2008 Toyota Corolla XEi 1.8 16v VVTi flex
The 30.000 U.S dollar Corolla...
I got the car in July 2008, and in November 2009 the car started to make a whining noise when cold, then the noise disappeared as the car heated-up, so it couldn't be the timing chain tensioner. Dealer could not replicate the problem so I left it alone.
In January of 2010 I took the car again to the dealer and they asked me to leave the car overnight so they could try to replicate the problem, and sure enough the moment I started the car the next morning, the noise came up and one mechanic who was around immediately identified the source of the noise; it was the air conditioning compressor tensioner. This is a common fault in these cars, and if not corrected as soon as possible, it can lead to the failure of the A/C compressor. Anyway, since the car was still under warranty (only 18 months old and 7.722 kilometres) the dealer opted to replace the compressor. I had to wait 7 days for the part to arrive, and the dealer serviced the car in the morning and it was ready for pick-up in the afternoon.
February 2011, the car was recalled by Toyota due a possible fire hazard in the cold start system of the car. All Corollas sold in Brazil are fuel flexible - they run either on petrol (gasoline) or ethanol or the mix of both; when fuelled with the ethanol, it's required to fill a small tank on the upper part of the engine compartment to help the ethanol to heat more quickly should you choose to run the car on ethanol. Since ethanol caused the car to consume more fuel and it's a false economy, I wouldn't bother, but I was told that if I did not participate in the recall, it would show "open recall" in the car's history record. So I did participate, and sure enough my cold start system was OK.
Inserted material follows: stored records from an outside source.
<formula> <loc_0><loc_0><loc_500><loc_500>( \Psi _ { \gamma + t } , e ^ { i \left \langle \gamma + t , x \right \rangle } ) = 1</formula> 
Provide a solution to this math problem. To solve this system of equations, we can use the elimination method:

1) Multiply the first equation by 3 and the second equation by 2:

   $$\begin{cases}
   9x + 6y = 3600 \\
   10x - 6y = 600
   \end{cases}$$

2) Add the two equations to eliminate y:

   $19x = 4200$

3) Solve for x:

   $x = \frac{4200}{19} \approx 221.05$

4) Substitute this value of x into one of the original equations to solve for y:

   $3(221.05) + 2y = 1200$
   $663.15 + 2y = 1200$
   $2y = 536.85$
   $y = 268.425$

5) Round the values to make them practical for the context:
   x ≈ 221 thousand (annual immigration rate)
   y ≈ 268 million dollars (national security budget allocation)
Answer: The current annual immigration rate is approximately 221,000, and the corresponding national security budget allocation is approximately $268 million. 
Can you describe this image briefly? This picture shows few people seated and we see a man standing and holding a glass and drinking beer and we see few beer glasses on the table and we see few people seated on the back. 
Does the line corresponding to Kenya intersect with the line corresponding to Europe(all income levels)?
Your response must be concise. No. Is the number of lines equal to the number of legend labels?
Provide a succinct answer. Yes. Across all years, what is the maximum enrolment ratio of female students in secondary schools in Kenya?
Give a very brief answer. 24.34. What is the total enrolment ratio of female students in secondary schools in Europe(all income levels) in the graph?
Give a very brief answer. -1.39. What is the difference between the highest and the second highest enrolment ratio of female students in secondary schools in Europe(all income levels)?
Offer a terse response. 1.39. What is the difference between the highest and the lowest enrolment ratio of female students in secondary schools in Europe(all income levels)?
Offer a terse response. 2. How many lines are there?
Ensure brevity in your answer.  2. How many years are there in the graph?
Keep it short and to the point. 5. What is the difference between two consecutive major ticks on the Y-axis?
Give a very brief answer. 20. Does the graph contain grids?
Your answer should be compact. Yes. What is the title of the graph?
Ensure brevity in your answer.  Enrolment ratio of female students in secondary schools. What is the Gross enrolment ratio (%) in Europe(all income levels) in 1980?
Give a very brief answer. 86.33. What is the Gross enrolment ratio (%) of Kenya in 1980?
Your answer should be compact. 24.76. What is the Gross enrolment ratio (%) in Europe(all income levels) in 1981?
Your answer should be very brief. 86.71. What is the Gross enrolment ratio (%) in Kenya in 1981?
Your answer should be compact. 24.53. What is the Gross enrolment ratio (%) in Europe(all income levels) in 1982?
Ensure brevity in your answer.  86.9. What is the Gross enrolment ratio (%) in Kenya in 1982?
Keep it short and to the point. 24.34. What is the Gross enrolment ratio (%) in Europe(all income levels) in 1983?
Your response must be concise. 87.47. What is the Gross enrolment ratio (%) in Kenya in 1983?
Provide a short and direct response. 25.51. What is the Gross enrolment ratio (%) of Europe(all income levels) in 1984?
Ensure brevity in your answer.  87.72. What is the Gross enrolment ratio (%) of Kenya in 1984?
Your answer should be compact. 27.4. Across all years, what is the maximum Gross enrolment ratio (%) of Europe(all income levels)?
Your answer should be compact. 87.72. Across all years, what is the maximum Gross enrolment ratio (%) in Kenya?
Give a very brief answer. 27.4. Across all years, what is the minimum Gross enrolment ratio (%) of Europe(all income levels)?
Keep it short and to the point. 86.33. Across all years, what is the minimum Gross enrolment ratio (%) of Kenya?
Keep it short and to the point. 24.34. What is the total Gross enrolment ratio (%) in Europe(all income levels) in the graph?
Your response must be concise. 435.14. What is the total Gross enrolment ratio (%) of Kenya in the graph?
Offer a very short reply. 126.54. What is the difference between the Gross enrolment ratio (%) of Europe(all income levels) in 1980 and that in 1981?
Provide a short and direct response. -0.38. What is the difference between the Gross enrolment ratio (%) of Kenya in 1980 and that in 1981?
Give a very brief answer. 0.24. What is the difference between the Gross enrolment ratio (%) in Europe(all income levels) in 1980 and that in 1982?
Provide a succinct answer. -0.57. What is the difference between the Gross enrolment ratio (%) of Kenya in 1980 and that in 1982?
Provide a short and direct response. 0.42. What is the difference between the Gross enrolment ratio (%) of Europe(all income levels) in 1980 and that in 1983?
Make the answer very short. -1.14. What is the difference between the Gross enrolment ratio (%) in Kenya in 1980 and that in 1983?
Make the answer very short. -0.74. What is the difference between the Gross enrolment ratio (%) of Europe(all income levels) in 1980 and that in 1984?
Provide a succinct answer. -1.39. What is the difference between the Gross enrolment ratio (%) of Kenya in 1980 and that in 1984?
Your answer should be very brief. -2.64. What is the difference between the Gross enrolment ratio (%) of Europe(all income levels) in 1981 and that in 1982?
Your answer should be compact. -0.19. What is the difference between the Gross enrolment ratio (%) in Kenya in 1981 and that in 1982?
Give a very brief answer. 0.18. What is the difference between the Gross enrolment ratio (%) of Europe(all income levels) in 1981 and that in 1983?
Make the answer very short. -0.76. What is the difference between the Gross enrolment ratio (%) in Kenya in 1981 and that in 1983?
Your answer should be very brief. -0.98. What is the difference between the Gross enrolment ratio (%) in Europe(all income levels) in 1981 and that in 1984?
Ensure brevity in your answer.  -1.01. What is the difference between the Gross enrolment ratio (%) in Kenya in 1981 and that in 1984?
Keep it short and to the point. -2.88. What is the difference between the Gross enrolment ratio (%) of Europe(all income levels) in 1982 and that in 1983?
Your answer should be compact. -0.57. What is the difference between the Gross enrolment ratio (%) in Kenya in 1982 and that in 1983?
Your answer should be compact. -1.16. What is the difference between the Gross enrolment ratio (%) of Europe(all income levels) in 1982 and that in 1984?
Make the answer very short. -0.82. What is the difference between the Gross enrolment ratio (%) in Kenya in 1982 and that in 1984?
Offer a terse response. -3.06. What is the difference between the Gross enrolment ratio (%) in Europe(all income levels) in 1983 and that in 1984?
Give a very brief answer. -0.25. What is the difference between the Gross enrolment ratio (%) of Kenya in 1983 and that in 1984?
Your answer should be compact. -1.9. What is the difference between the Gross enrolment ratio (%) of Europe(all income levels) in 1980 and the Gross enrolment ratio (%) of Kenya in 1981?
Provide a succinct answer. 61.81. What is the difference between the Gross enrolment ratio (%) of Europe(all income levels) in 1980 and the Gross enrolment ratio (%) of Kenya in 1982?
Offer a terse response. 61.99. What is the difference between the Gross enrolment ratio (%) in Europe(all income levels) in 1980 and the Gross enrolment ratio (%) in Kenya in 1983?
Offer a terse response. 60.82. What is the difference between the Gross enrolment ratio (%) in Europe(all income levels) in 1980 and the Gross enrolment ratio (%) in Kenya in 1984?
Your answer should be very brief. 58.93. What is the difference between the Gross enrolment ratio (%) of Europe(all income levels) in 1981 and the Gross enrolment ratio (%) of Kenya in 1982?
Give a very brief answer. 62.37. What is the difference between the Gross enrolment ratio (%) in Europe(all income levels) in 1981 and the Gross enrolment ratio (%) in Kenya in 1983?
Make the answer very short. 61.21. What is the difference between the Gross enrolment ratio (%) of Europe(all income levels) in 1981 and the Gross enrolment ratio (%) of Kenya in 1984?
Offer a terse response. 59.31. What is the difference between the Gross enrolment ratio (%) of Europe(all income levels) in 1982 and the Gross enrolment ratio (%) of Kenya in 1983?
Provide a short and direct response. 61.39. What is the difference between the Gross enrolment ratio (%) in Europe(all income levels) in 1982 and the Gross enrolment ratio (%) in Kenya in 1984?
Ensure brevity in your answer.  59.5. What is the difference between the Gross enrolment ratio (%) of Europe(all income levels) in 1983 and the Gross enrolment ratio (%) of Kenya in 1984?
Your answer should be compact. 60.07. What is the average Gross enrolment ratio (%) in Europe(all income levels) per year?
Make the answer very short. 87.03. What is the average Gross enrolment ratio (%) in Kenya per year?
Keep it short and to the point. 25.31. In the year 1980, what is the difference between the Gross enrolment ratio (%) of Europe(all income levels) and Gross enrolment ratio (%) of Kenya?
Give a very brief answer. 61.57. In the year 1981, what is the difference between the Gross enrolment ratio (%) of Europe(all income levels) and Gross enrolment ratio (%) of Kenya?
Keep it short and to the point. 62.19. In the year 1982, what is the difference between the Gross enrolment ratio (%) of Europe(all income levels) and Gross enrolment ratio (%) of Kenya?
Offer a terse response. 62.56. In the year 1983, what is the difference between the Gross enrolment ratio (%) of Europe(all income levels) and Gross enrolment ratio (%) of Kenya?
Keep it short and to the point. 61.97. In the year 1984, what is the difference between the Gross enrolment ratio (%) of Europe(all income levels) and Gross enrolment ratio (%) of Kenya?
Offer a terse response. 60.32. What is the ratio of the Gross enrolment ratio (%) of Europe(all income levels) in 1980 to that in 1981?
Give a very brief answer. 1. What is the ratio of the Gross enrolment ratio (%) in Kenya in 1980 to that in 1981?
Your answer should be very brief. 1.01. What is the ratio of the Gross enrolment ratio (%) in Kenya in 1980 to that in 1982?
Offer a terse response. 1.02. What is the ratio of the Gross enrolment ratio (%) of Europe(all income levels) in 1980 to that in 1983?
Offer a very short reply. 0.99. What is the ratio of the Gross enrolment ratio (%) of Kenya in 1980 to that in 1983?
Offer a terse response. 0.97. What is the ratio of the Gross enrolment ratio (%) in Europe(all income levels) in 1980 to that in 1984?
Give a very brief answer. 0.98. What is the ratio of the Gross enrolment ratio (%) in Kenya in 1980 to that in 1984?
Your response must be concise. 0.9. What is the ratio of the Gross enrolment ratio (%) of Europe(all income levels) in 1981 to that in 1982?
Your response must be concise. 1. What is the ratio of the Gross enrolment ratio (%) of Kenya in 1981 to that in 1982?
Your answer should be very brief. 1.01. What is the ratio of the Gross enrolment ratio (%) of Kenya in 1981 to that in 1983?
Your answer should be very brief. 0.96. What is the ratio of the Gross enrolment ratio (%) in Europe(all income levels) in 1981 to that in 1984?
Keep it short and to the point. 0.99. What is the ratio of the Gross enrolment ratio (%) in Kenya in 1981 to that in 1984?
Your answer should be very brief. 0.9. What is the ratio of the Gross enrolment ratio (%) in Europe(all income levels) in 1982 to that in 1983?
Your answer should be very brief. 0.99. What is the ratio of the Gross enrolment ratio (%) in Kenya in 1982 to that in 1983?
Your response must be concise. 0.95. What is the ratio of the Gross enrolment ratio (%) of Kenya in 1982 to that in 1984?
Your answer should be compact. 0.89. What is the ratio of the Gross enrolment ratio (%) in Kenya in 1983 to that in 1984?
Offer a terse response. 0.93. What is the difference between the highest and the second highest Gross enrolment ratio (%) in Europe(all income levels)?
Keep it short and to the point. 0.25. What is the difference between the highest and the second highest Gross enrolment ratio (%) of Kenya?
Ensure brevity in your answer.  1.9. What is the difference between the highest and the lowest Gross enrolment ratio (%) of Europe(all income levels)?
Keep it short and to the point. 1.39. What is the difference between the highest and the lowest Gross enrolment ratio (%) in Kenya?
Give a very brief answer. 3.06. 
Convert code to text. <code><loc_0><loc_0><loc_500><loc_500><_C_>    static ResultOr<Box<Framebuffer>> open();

Interior was a rattle city since day one, and the dealer couldn't fix and I couldn't be bothered with fixing it either.
Saving grace? It never left me stranded on the road or failed to start, EXCEPT for one time that I left it parked for 15 days and then the battery went flat.
It was no powerhouse, but it would torque steer quite badly and as a result the Bridgestone Turanza tires didn't last long. Performance surprising for a 138 horsepower sedan with a 4-speed automatic gearbox; overtaking was a breeze.
Fuel economy? 16 MPG (19 MPG UK) around town and 26 MPG on the highway (30 MPG UK on the motorway). Fuel flexible engines are a false economy and note that it wasn't like I had a heavy right foot; not matter how hard I tried, I could never get better than 19 MPG combined (23 MPG UK).
Very smooth ride despite being equipped with a cheap torsion bar rear suspension set-up. The seats were comfortable, and it was electric car quiet I dare to say. The electric power steering was a blessing when parking or manoeuvring through tight spaces. The reverse parking sensors helped, but there was no camera.
Handling was... OK I guess. Nothing to write home about, but nothing atrocious either. Very predictable car to drive and the four wheel disc ABS brakes worked well, specially when you had to brake-check idiots in Hiluxes, Rangers and Frontiers tailgating you (for respecting the speed limit) with their high beams. It was only the defence mechanism against them because there was no auto-dimming rear view mirror.
The Brazilian 2009-2014 MY Corolla got a good safety score from the Latin NCAP, but it was severely lacking in safety features that cheaper cars of its class offered as standard such as Isofix, stability control and traction control. And what's the point of giving side torso airbags and no side curtain airbags? What kind of nasty cost cutting measure is that? Mind you, the new Corolla still doesn't have the curtain airbags in the entry level versions, and stability control still isn't available, not even as an option, which is totally unacceptable in this time and age. At least it now has the Isofix, and again it scored well in the Latin NCAP crash test. But I still maintain that Toyota should equip all Corollas with stability control and curtain airbags; after all it's marketed as a midsize family sedan in Brazil.
Looks? Mine was "eclipse black metallic" five-spoke 16-inch wheels (the 2009-2011 XEi featured the same wheels of the 2003-2004 Toyota Matrix XR) and silver grey leather interior with faux aluminium trim. I thought it looked classy.
Price? I paid 77.500 Brazilian reais, which in July 08 would be something like 48.700 U.S dollars. As of January 2016, 77.500 BRL is now equivalent to 122.996 Brazilian reais or 30.300 U.S dollars. That's right... The 30.000 dollar Corolla is a wonder of the 21st century communism dreamed up by the Castro brothers, Lula, Chavez and Maduro, Morales and the Kirchners. If you're American and you reading this, let this be a warning for those of you who are thinking about voting for Hillary or Bernie, because that's what's going to happen to you; a $30.000 Toyota Corolla. You've been warned!